I have attempted to create a penalisation algorithm similar to elastic-net or glmnet package (Friedman et al, 2010), where ridge regression is implemented if $\alpha = 0$, and lasso if $\alpha = 1$. My implementation is a simplistic contraction of the OLS estimates based on the scaled norms of multiple or univariate OLS, i.e. if the scaled norm is below a $\lambda$ threshold, followed by the expansion of OLS estimates above the threshold. The consequence of this is that while elastic-net uses coordinate descent - an iterative optimisation, my algorithm is parallelisable which means it can potentially outperform glmnet in terms of speed. However, comparisons in terms of accuracy or model fit performance is still to be determined.

TODO

  • Fst and Tajima's D estimation
  • Imputation
  • Canonical variant call format (vcf) file to sync file conversion
  • Simulation of genotype and phenotype data
  • Improve genomic prediction cross-validation's use of PredictionPerformance fields, i.e. output the predictions and predictor distributions
  • Additional imputation algorithm. See details below:

Performs OLS or elastic-net regression to predict missing allele counts per window for each pool with at least one locus with missing data. This imputation method requires at least one pool without missing data across the window. It follows that to maximise the number of loci we can impute, we need to impose a maximum window size equal to the length of the sequencing read used to generate the data, e.g. 100 bp to 150 bp for Illumina reads.
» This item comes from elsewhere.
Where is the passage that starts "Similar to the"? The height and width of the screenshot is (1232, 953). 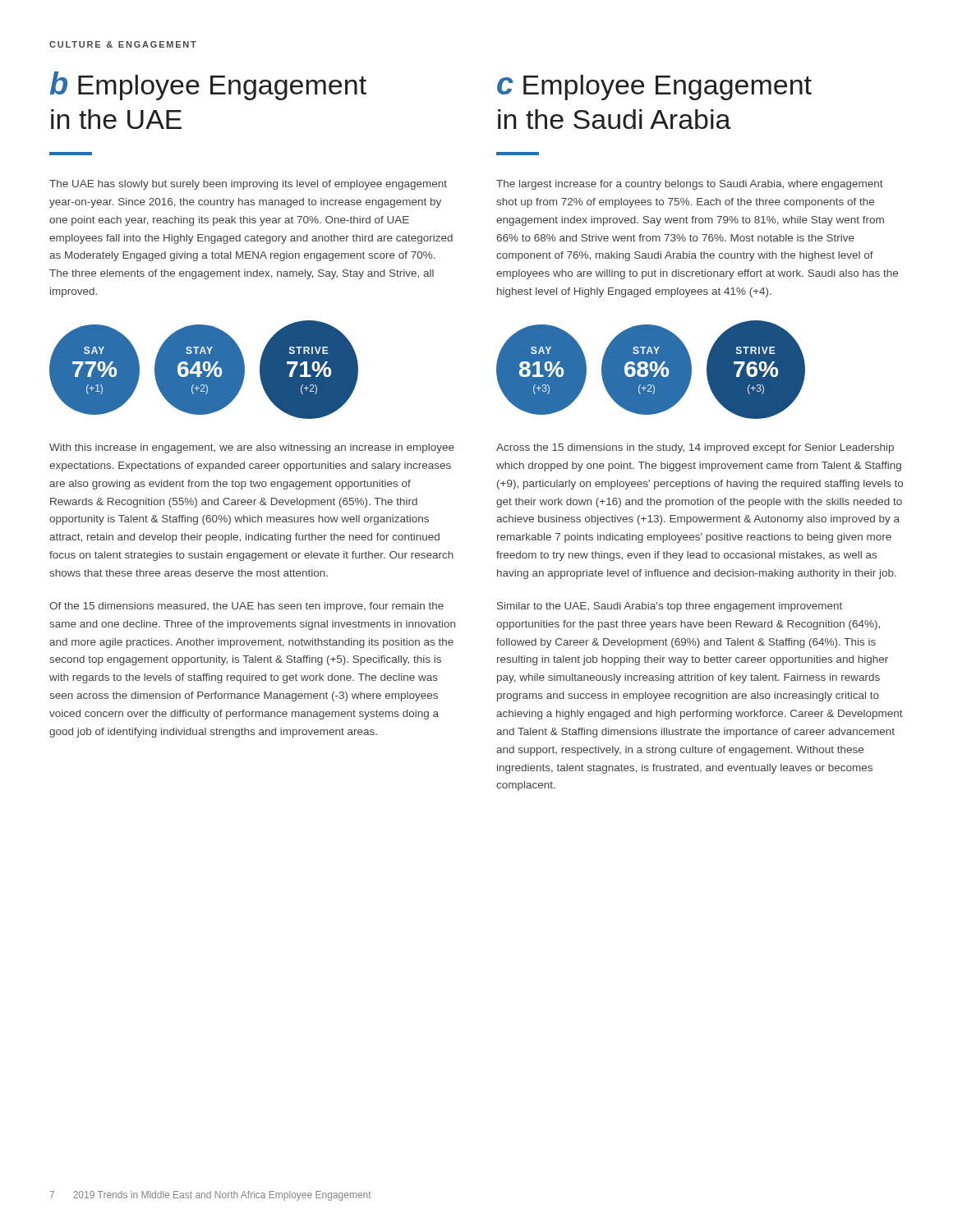699,695

For each pool with missing data we model the allele frequencies in the locus with some missing data as: $$ y_{p} = X_{p}\beta + \epsilon. $$

We then estimate unbiased estimators, $\beta$ as: $$ \hat{\beta} = f(X_{p}, y_{p{}}), $$

where $f$ can be OLS or elastic-net regression. Imputation is achieved by predicting the missing allele counts: $$ \hat{y_{m}} = X_{m} \hat{\beta}, $$

where:

  • $y_{p}$ is the vector of allele counts of one of the pools with missing data at the loci without missing data (length: mₚ non-missing loci × 7 alleles);
  • $X_{p}$ is the matrix of allele counts of pools without missing data at the loci without missing data in the other pools (dimensions: mₚ non-missing loci × 7 alleles, nₚ pools without missing loci);
  • $\hat{\beta}$ is the vector of estimates of the effects of each pool without missing data on the allele counts of one of the pools with missing data (length: nₚ pools without missing loci);
  • $\hat{y_{m}}$ is the vector of imputed allele counts of one of the pools with missing data (length: mₘ missing loci × 7 alleles); and
  • $X_{m}$ is the matrix of allele counts of pools without missing data at the loci with missing data in the other pools (dimensions: mₘ non-missing loci × 7 alleles, nₚ pools without missing loci).

Finally, the imputed allele counts are averaged across the windows sliding one locus at a time.